Recuerdo mi adolescencia como un período a medio camino entre la seguridad insultante de la juventud y la inconsciencia militante de la falta de experiencia. Aún así, siempre hubo sitio para abordar valores que, a la larga, han confeccionado mi ideario, mejor o peor, pero lo han ido construyendo. Hacer ver que las cosas pasan (buenas y malas), que hay que adaptarse a las situaciones, que lo que no se puede hacer ahora, se hará después, de otra manera. Que el ‘no se puede’ no debe ser un motivo de angustia, desazón o enfado, sino de espíritu de superación ante la adversidad que, a la larga, es la que más nos permite aprender, y que las crisis suelen indicar más oportunidad que inconveniente. Lamer las heridas de los que se caen, no nos hace mejores padres, pero sí nos hace peores educadores. “Para mí, los rasgos del carácter son esas cualidades que nos engrandecen como personas: la resistencia, la habilidad para trabajar con otros, enseñar humildad mientras se disfruta del éxito y capacidad de recuperación en el fracaso”, decía Nicky Morgan, ex-ministra de educación británica en tiempos de David Cameron, y que entre sus prioridades estaba la educación del carácter. En The Crown, la serie de Netflix que destripa la vida de la Reina Isabel de Inglaterra, se cuenta que el príncipe Carlos fue a estudiar a la escuela escocesa Gordonstoun, la misma en la que estuvo su padre Felipe, el Duque de Edimburgo, conocida por sus métodos espartanos, con un gran componente físico, ligado a la educación militar, buscando reforzar el carácter que, también en GB, el rugby ha sido ejemplo como método empleado para fortalecer dicho carácter, para educar: integridad, pasión, solidaridad, disciplina y carácter. En tiempos de crisis, esas cuatro cualidades definidas por Morgan deben estar en la cima de las prioridades educativas. La comprensión de la inconveniencia del joven adolescente por parte del adulto es necesaria, pero nunca la asunción de esa frustración como propia, como tampoco celebrar los éxitos de tus hijos como si fueran tuyos. 

“Cuando una familia quiere que sus hijos no pasen las dificultades por las que sí pasaron ellos, la sociedad se vuelve más cómoda, blanda, menos esforzada. Pasa también con los países”, dice el ingeniero de caminos y experto en educación Alfonso Aguiló. El coronavirus nos ha puesto a todos a prueba y el confinamiento ha retratado nuestras prioridades personales y sociales. 

 “La comprensión de la inconveniencia del joven adolescente por parte del adulto es necesaria, pero nunca la asunción de esa frustración como propia, como tampoco celebrar los éxitos de tus hijos como si fueran tuyos”

“Ahora valoraremos más todo lo que tenemos y vivimos”, dicen continuamente los expertos. Y yo que lo dudo.

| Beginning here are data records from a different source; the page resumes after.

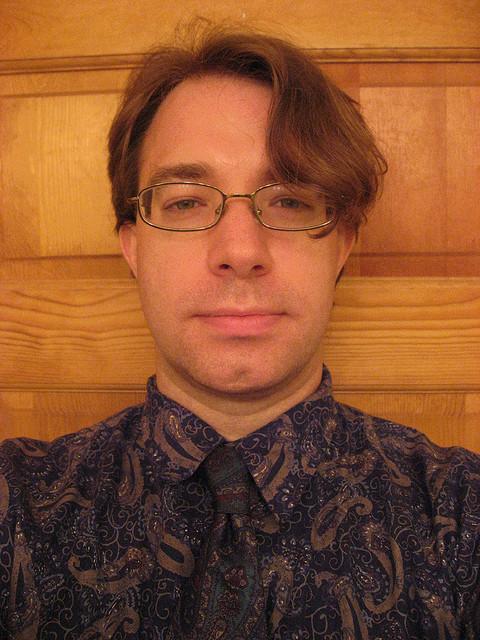Is this photograph most likely a selfie or a portrait captured by another person?
Write a very short answer. Selfie. Whose curtains did he make that shirt from - his aunt or his grandmother?
Keep it brief. Grandmother. What print is on the man's shirt?
Answer briefly. Paisley. 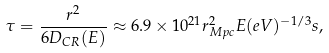<formula> <loc_0><loc_0><loc_500><loc_500>\tau = \frac { r ^ { 2 } } { 6 D _ { C R } ( E ) } \approx 6 . 9 \times 1 0 ^ { 2 1 } r _ { M p c } ^ { 2 } E ( e V ) ^ { - 1 / 3 } s ,</formula> 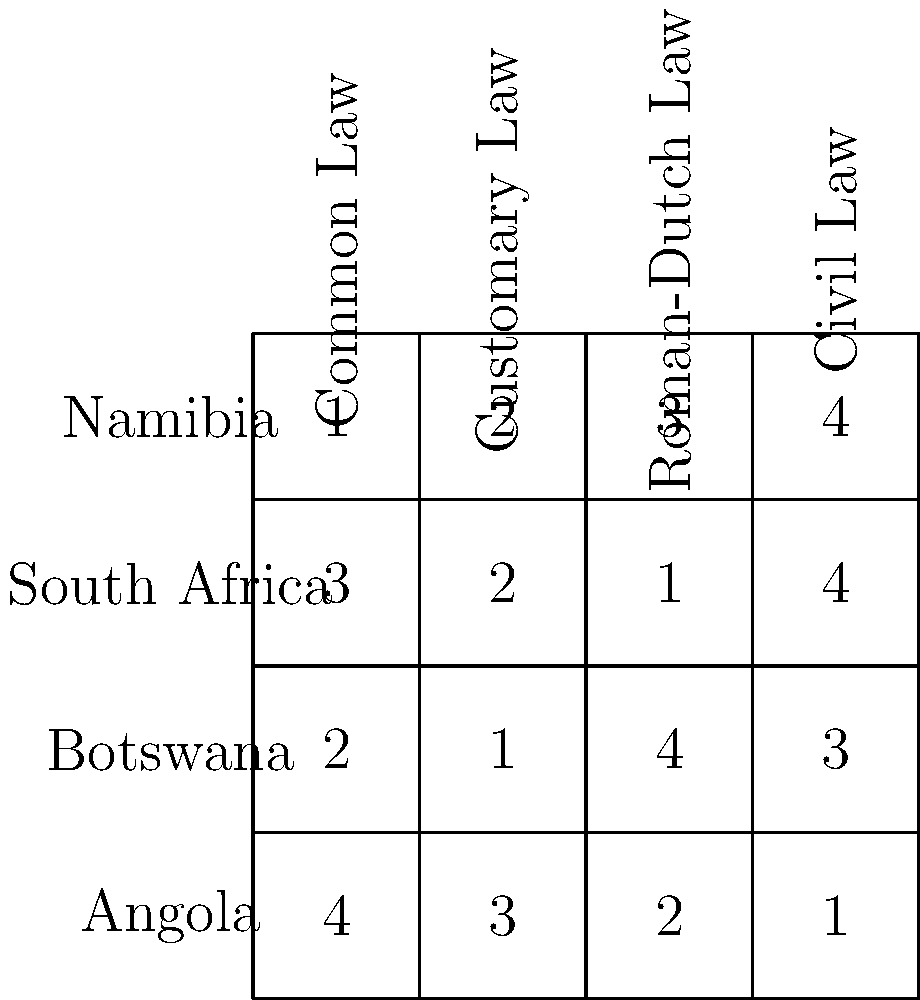Based on the comparative table of legal systems in Namibia and its neighboring countries, which country's legal system relies most heavily on Civil Law? To answer this question, we need to analyze the table provided:

1. The table compares four countries: Namibia, South Africa, Botswana, and Angola.
2. It evaluates four aspects of legal systems: Common Law, Customary Law, Roman-Dutch Law, and Civil Law.
3. The numbers in the table represent the relative importance or influence of each legal aspect in each country's system, with 4 being the highest and 1 being the lowest.
4. We need to focus on the "Civil Law" column to determine which country relies most heavily on it.

Looking at the "Civil Law" column:
- Namibia: 4
- South Africa: 4
- Botswana: 3
- Angola: 1

We can see that both Namibia and South Africa have the highest score (4) for Civil Law. However, the question asks for a single country. In this case, we need to consider the overall legal system composition.

Comparing Namibia and South Africa:
- Namibia: Common Law (1), Customary Law (2), Roman-Dutch Law (3), Civil Law (4)
- South Africa: Common Law (3), Customary Law (2), Roman-Dutch Law (1), Civil Law (4)

Although both countries have the same score for Civil Law, Namibia has lower scores for Common Law and higher scores for Roman-Dutch Law compared to South Africa. This suggests that Namibia relies more heavily on Civil Law in its overall legal system.
Answer: Namibia 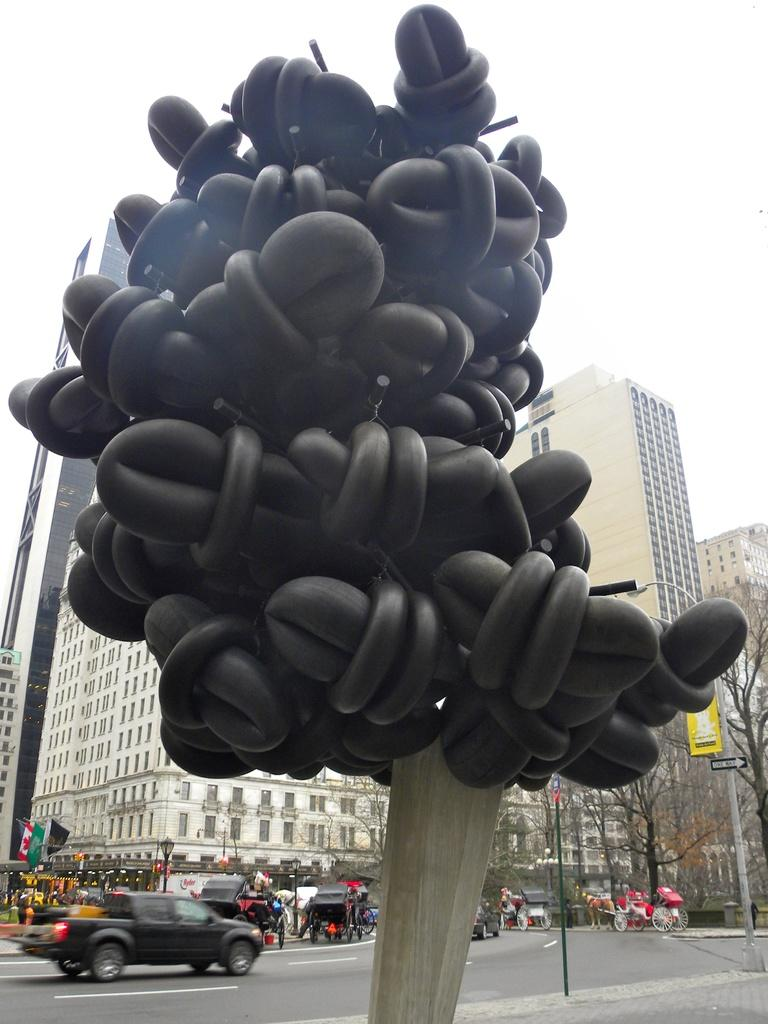What is the main subject in the center of the image? There is a sculpture in the center of the image. What can be seen at the bottom of the image? There are vehicles on the road at the bottom of the image. What is visible in the background of the image? Buildings, trees, poles, flags, boards, and people are visible in the background of the image. What part of the natural environment is visible in the image? The sky is visible in the background of the image. How many mice are running on the sculpture in the image? There are no mice present in the image, and therefore no such activity can be observed. 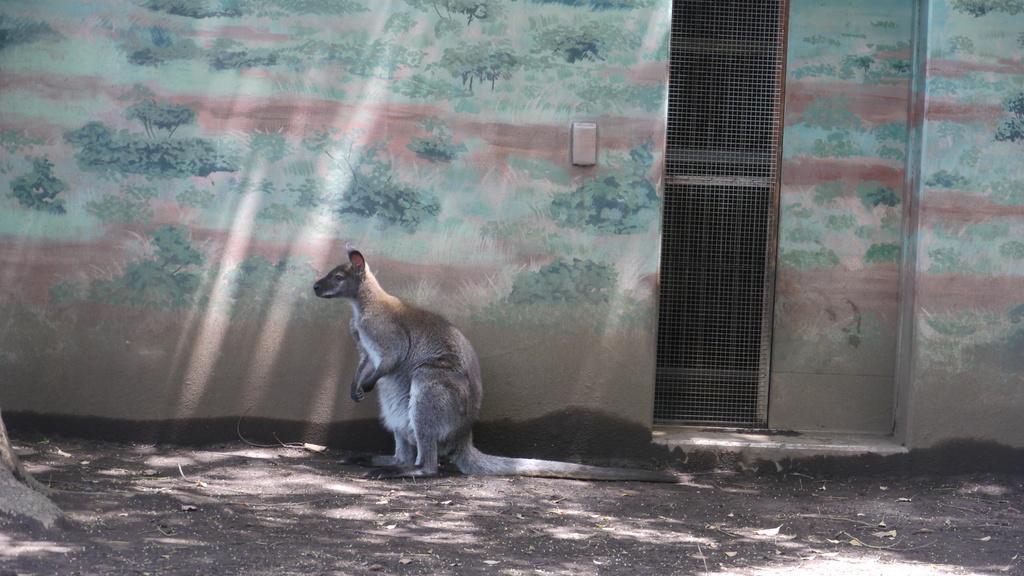Could you give a brief overview of what you see in this image? This is a kangaroo standing. I think this is a building wall with the wall painting. This looks like a fence sheet. 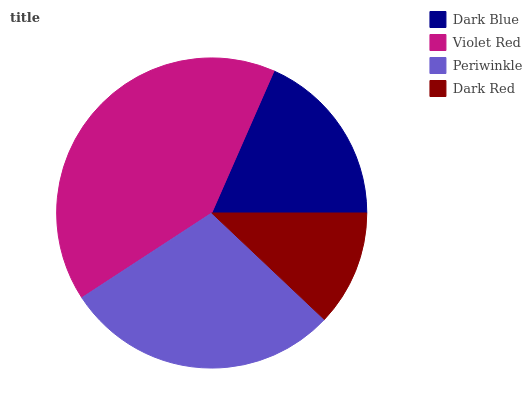Is Dark Red the minimum?
Answer yes or no. Yes. Is Violet Red the maximum?
Answer yes or no. Yes. Is Periwinkle the minimum?
Answer yes or no. No. Is Periwinkle the maximum?
Answer yes or no. No. Is Violet Red greater than Periwinkle?
Answer yes or no. Yes. Is Periwinkle less than Violet Red?
Answer yes or no. Yes. Is Periwinkle greater than Violet Red?
Answer yes or no. No. Is Violet Red less than Periwinkle?
Answer yes or no. No. Is Periwinkle the high median?
Answer yes or no. Yes. Is Dark Blue the low median?
Answer yes or no. Yes. Is Dark Red the high median?
Answer yes or no. No. Is Dark Red the low median?
Answer yes or no. No.

Pero lo que sí se llevarán nuestros adolescentes (que no muchos de nosotros, los padres o educadores) es una lección práctica de cómo reaccionar ante la adversidad. Los pormenores no los recordarán afortunadamente, pero la situación la tendrán siempre presente en todos los ámbitos de su vida. Y nos recordarán a todos nosotros y muy seguramente en modo protesta que siempre es mejor experimentar por uno mismo, que encontrar las hélices de los denominados ‘padres helicópteros’, los que sobrevuelan la vida de sus hijos geolocalizando sus peligros.